▶ _TRY IT_
Retype the whole listing, please, keeping every line exact and dropping the pictures.

▽

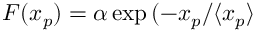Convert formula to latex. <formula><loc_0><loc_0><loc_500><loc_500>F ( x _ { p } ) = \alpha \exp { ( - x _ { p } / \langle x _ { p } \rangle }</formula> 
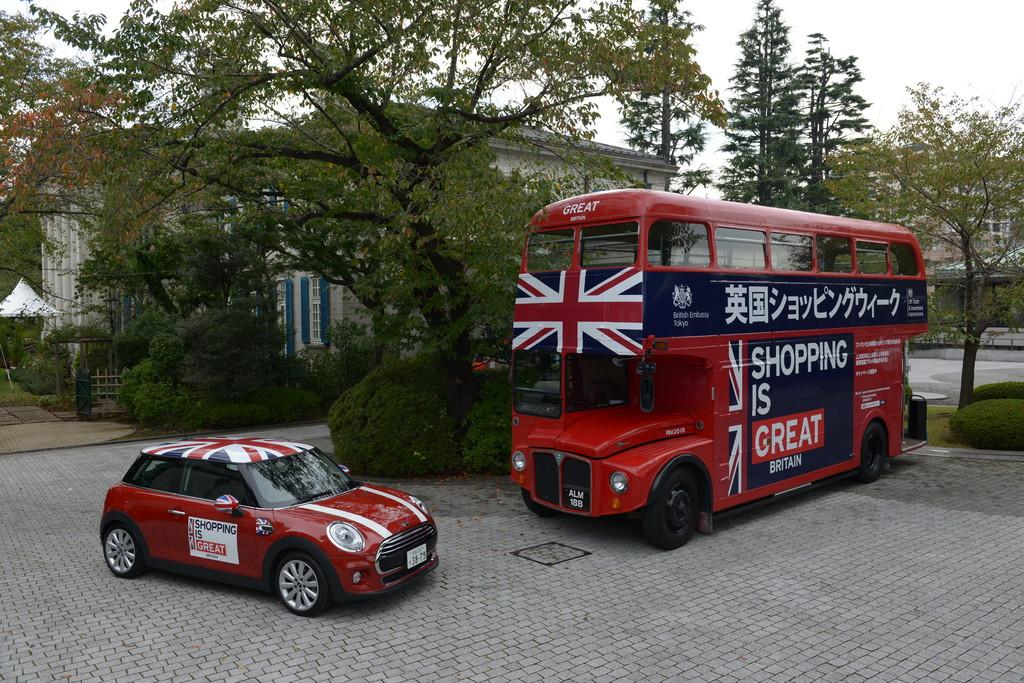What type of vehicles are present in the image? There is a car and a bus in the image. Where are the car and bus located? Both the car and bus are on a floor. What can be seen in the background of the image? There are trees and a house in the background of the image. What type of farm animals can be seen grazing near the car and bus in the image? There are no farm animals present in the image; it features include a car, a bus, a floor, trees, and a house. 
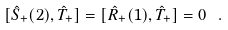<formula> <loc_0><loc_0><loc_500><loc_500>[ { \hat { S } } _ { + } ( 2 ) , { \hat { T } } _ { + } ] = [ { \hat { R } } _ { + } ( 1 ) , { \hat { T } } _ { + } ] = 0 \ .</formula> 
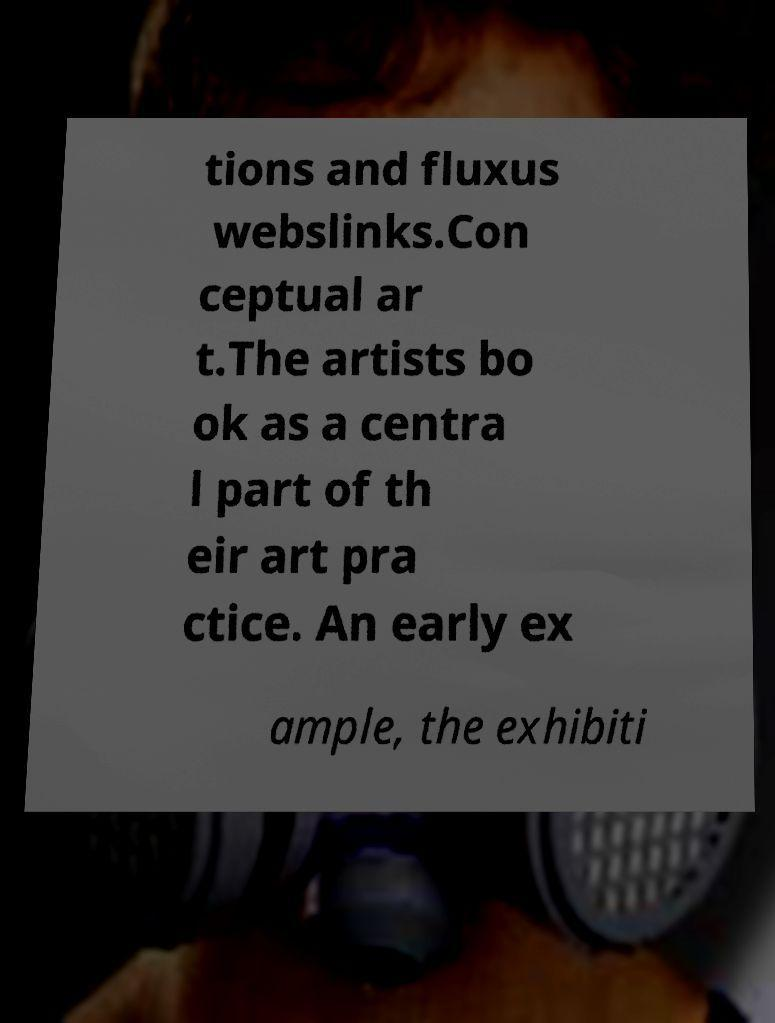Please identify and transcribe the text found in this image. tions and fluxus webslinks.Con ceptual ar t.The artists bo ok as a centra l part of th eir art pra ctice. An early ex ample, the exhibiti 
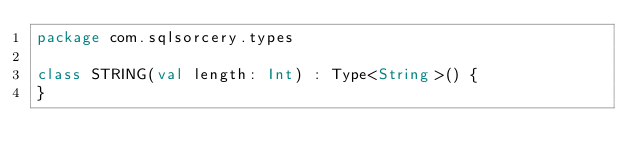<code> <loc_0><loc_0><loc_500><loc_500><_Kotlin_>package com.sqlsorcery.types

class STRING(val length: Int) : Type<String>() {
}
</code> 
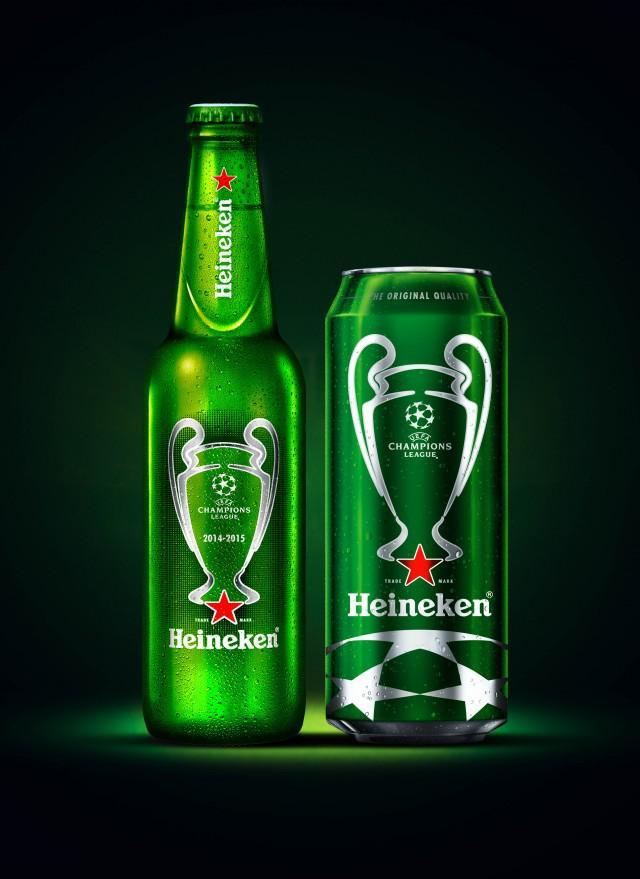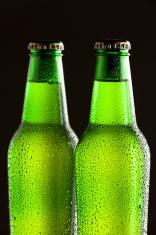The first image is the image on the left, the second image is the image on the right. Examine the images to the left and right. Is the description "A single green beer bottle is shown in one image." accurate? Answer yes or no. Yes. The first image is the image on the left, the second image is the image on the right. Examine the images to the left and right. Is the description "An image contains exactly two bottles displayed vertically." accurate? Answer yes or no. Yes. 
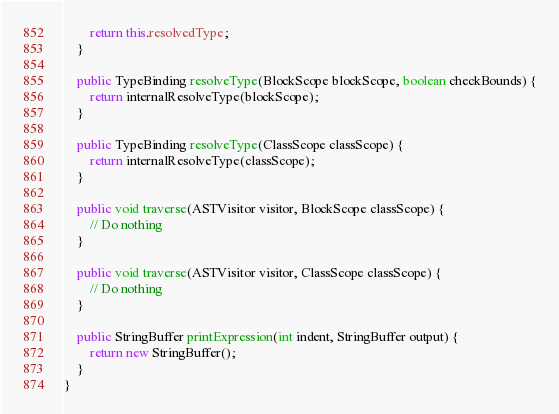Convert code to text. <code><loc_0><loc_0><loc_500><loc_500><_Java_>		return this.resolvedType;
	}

△

▶ _RESPONSE AREA_
Convert formula to latex. <formula><loc_0><loc_0><loc_500><loc_500>F ( x _ { p } ) = \alpha \exp { ( - x _ { p } / \langle x _ { p } \rangle }</formula> 
What type of vehicles are present in the image? There is a car and a bus in the image. Where are the car and bus located? Both the car and bus are on a floor. What can be seen in the background of the image? There are trees and a house in the background of the image. What type of farm animals can be seen grazing near the car and bus in the image? There are no farm animals present in the image; it features include a car, a bus, a floor, trees, and a house. 
<formula> <loc_0><loc_0><loc_500><loc_500>[ { \hat { S } } _ { + } ( 2 ) , { \hat { T } } _ { + } ] = [ { \hat { R } } _ { + } ( 1 ) , { \hat { T } } _ { + } ] = 0 \ .</formula> 
Please identify and transcribe the text found in this image. tions and fluxus webslinks.Con ceptual ar t.The artists bo ok as a centra l part of th eir art pra ctice. An early ex ample, the exhibiti 
<code> <loc_0><loc_0><loc_500><loc_500><_Kotlin_>package com.sqlsorcery.types

class STRING(val length: Int) : Type<String>() {
}
</code> 
The first image is the image on the left, the second image is the image on the right. Examine the images to the left and right. Is the description "A single green beer bottle is shown in one image." accurate? Answer yes or no. Yes. The first image is the image on the left, the second image is the image on the right. Examine the images to the left and right. Is the description "An image contains exactly two bottles displayed vertically." accurate? Answer yes or no. Yes. 
Convert code to text. <code><loc_0><loc_0><loc_500><loc_500><_Java_>		return this.resolvedType;
	}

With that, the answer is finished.